I am sure you will now ask “How much does it cost−and can I install a SkyView in my PA-28?” Unsurprisingly, such an extensive avionics fit does not come cheaply. As installed in the test aircraft, it amounted to $11,335 −but that does include the upgrade to the Dynon SV-261 Mode S transponder (which allows the TIS traffic). If you want VP-X, the software licence is

an extra $275. As for sticking a SkyView in your Piper or Cessna, sadly not: the CAA requires the avionics fitted to a standard-category light aircraft to be signed off with

a TSO (Technical Standard Order). This confirms that the materials, parts etc have met a ‘minimum performance standard’. As LSA machines conform to ASTM, it is not necessary to use TSO-approved avionics – and as gaining a TSO is both costly and time consuming, manufacturers such as Dynon can improve and enhance their products much quicker and cheaper than the manufacturers servicing certificated market. The downside is that you can’t use a Dynon in a standard-category light aircraft. Of course, in most respects, a modern LSA such as the CT-LS actually out-performs a ‘classic’ or ‘legacy’ GA two-seater on just about every level. Indeed, aircraft like the CT-LS have matured exponentially. These machines are not toys, but practical, viable machines for going places fast and efficiently: At 4,800rpm and 5,000ft the LS will true out at an impressive 112kt for a fuel flow of around 18lit/hr.

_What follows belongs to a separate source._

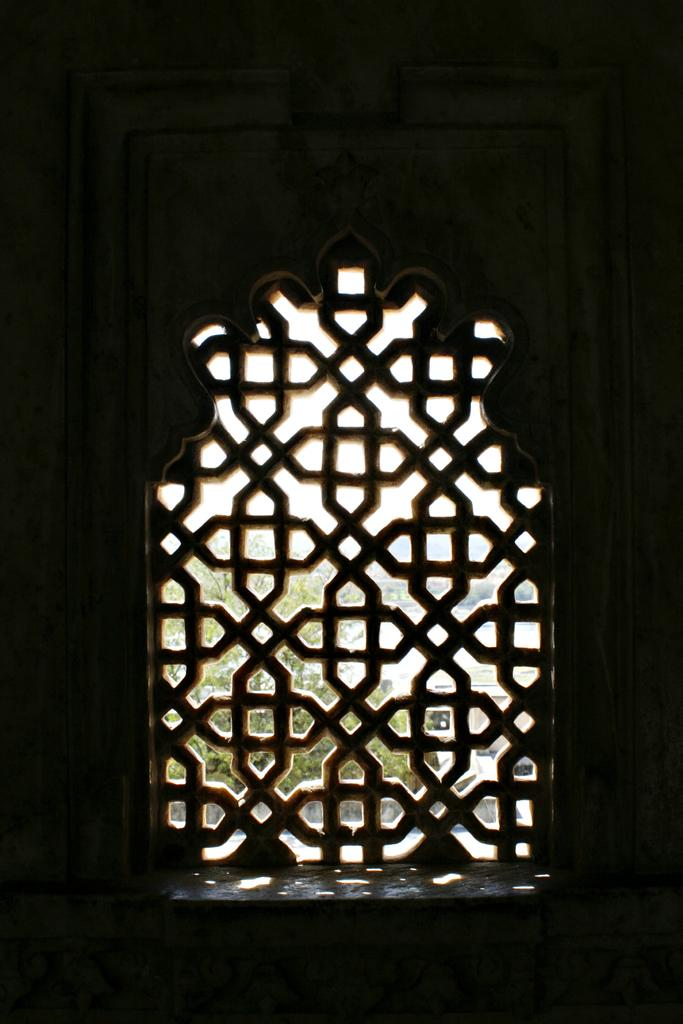What type of view does the image provide? The image is an inside view. What is present on the wall in the image? There is a window in the wall. What can be seen through the window? The outside view is visible through the window. What natural element is present in the outside view? There is a tree in the outside view. What man-made structures are visible in the outside view? There are buildings in the outside view. Can you see a rabbit hopping around in the image? A: There is no rabbit present in the image. Is there an army marching past the buildings in the image? There is no army or marching activity visible in the image.

Pull the power back a bit more and at 100kt TAS the LS can cover an astonishing 1,000 nautical miles. More impressively, this is achieved at a perfectly respectable 100kt. When you fly 500-600 miles you can pass through several different air masses and weather systems. The XM weather keeps you fully apprised of any weather developments, and if you do need to make an unplanned diversion, the SkyView makes it all very easy. “For VFR pilots who want to do real cross-country flying, the information and redundancy of the SkyView package is invaluable,” says Flight Design’s Tom Peghiny. “I can imagine a pilot at the end of a long cross-country flight coming to

the destination late, in marginal VFR conditions, liking the extra situational awareness, finding the runway and avoiding obstacles. When you combine the SkyView with the XM weather and traffic display on the Garmin 696 or 796 it is a very capable panel”

Eliminating uncertainty We’ve all endured exactly the sort of flight that Tom described. It’s late, you’re tired, and flying west towards an airport you’ve never been to before and into a setting sun and hazy sky. Of course it’s legally VFR – if you could head east the viz would be really quite reasonable. However, the heading required to track to your destination is 275 and let’s be honest – you can hardly see past the spinner. To add to your unsettled feeling, you know there’s a tall mast close

to the field and controlled airspace nearby... With the SkyView, all the uncertainties and ambiguities go away−it’s that good.

As I said at the outset: ten years ago, I would never have thought that a 100hp fixed undercarriage fixed-prop two-seater would be fitted with avionics that would shame many airliners−yet I’ve just flown one.

So yesterday’s dream of the future is today’s reality. What might our GA instrument panels look like in 2020? I’m not even going to try to predict that!